Now another controversy is swirling, with grave implications for the pharmaceutical industry. On Sunday, December 4, The Observer, a leading British newspaper published details of a dispute between a British researcher, Dr. Aubrey Blumsohn and Procter&Gamble. The dispute centers on the practice of ghostwriting in the pharmaceutical industry.
Today, the Wall Street Journal covered the same practices and cited an article in the British Medical Journal purportedly written by an Australian Doctor, Christine Jenkins, (and in this case the article contained a disclaimer claiming that no pharmaceutical company sponsored the research) but in fact drafted by a medical writer hired by GlaxoSmithKline.

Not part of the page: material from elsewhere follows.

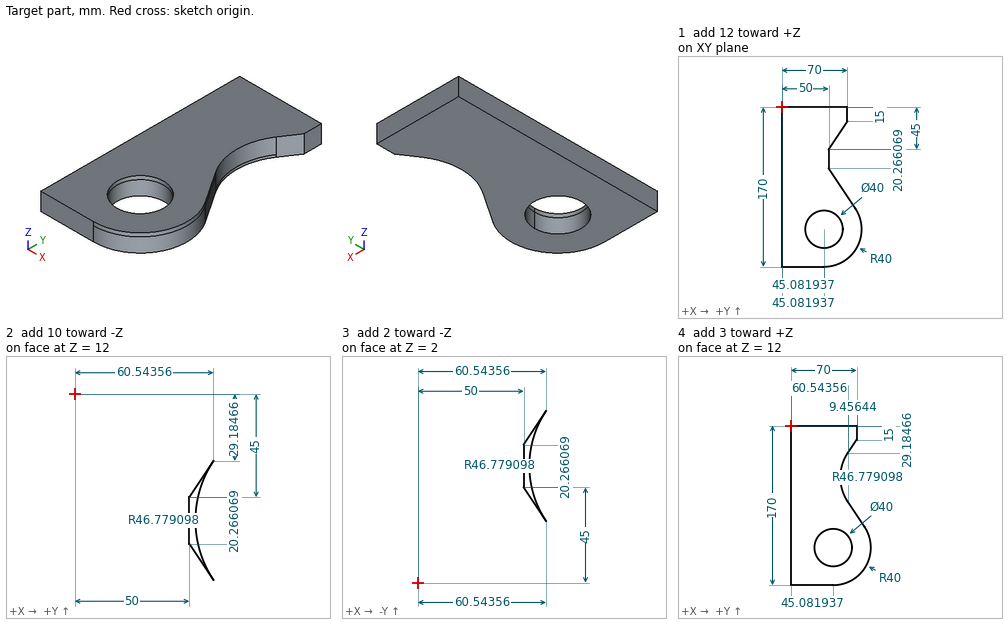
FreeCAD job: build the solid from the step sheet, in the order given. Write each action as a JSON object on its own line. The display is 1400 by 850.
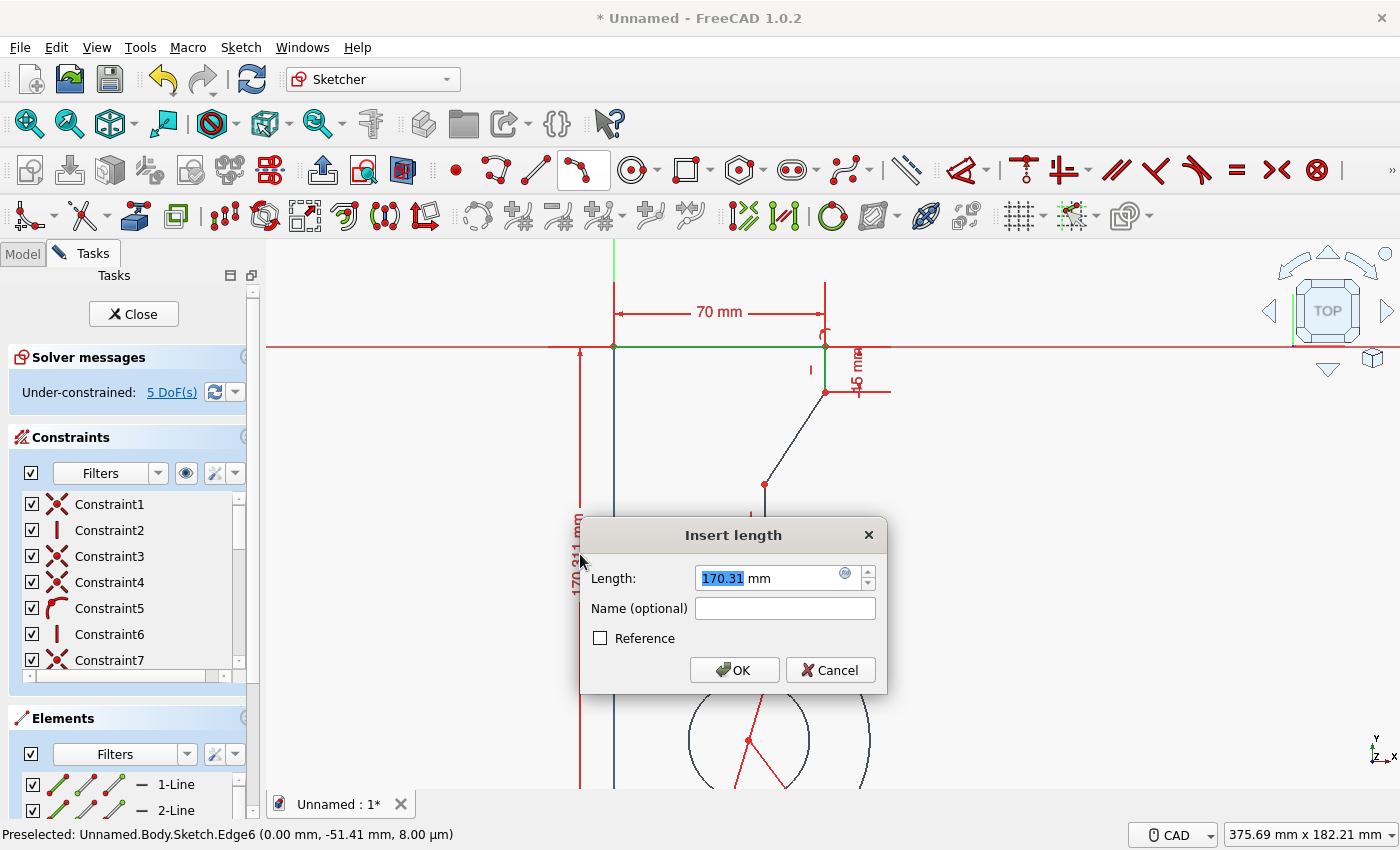
{"action": "type", "text": "170"}
{"action": "key", "text": "Return"}

Even worse, it seems that many articles destined for medical journals are being placed for publication as “Author to be named” after they have been drafted by writers working for the pharmaceutical companies and the analysis for the article has been completed by the company. Only then is an academic brought forth to sign off and claim credit for the article. And in some cases, as with Dr. Blumsohn above, the authoring Doctor may not even have access to the research that the article is discussing. In effect, research academics have become a commodity which pharmaceutical companies slot in to fill their publication needs in much the same way that NFL teams trade kickers.
Is this just another case of the fox guarding the henhouse? Will the damage be limited to industry analysts over pharma stock valuations and another cycle of bombshell expose pieces by all of the big media outlets which fade from our memory after a few more news cycles? Possibly. But if so, the mainstream media is missing the point.

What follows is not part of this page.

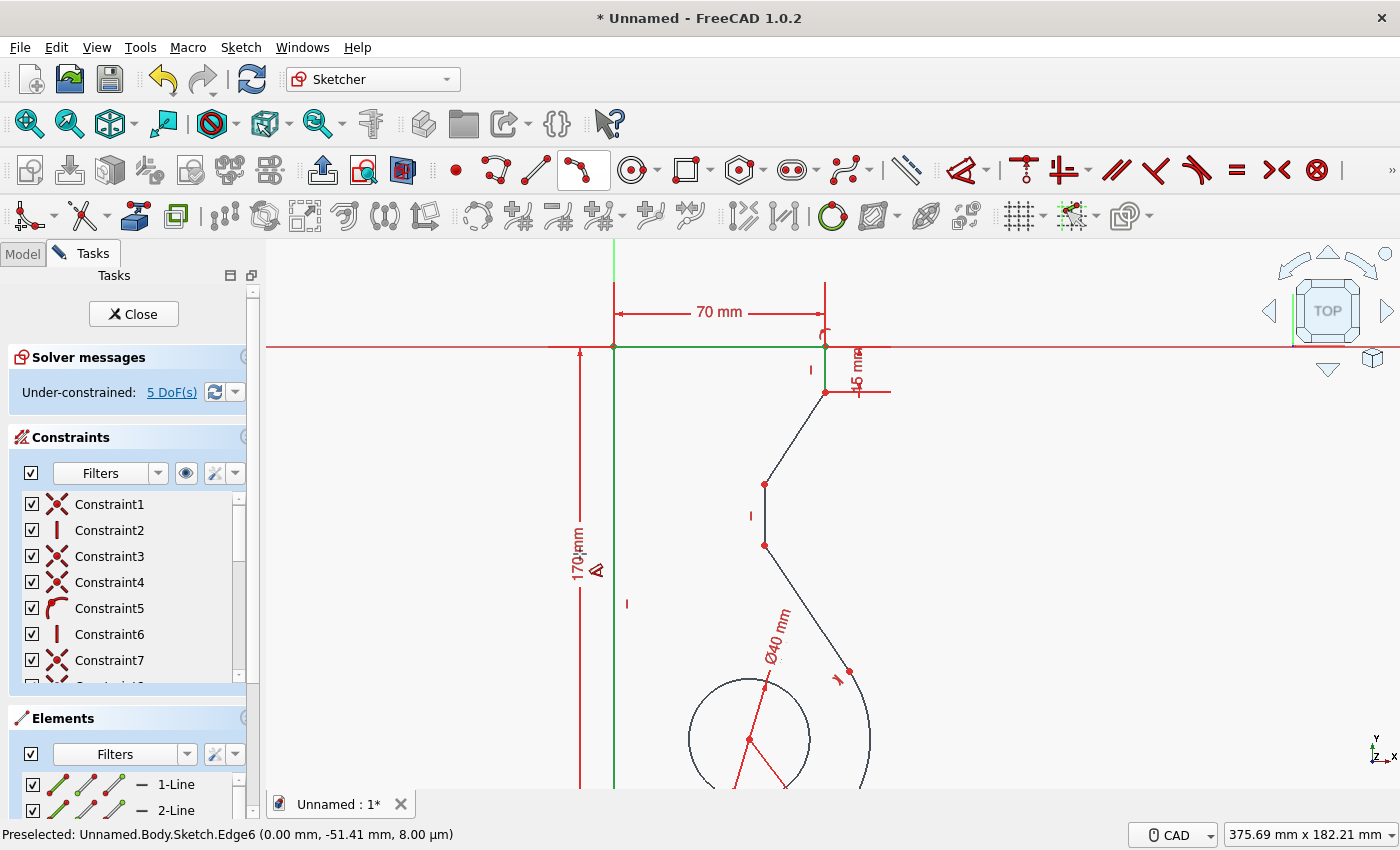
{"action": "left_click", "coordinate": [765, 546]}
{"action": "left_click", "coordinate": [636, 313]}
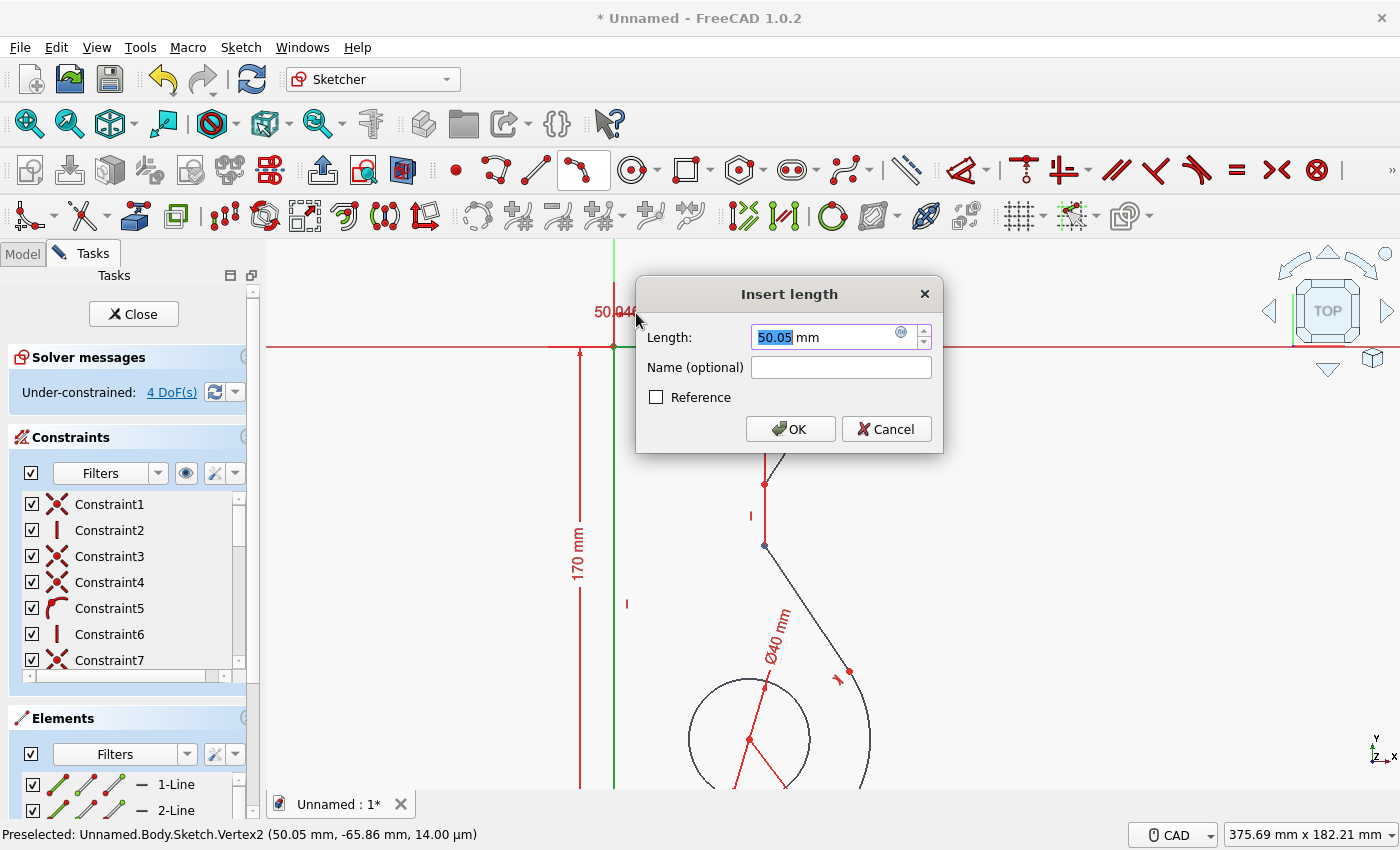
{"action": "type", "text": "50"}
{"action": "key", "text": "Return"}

The bigger point here is that protected markets hurt brands, consumers and the economy. And there is no better protected market in the US than pharmaceuticals. Drug manufactuers enjoy government protections on three sides. Here’s how:
- Drug Development - patents protect drug manufacturers from competition for over a generation, after which they can use their accumulated warchest of cash to fight off potential generic competitors in court, in doctor’s offices with detailing reps and in the media with consumer advertising.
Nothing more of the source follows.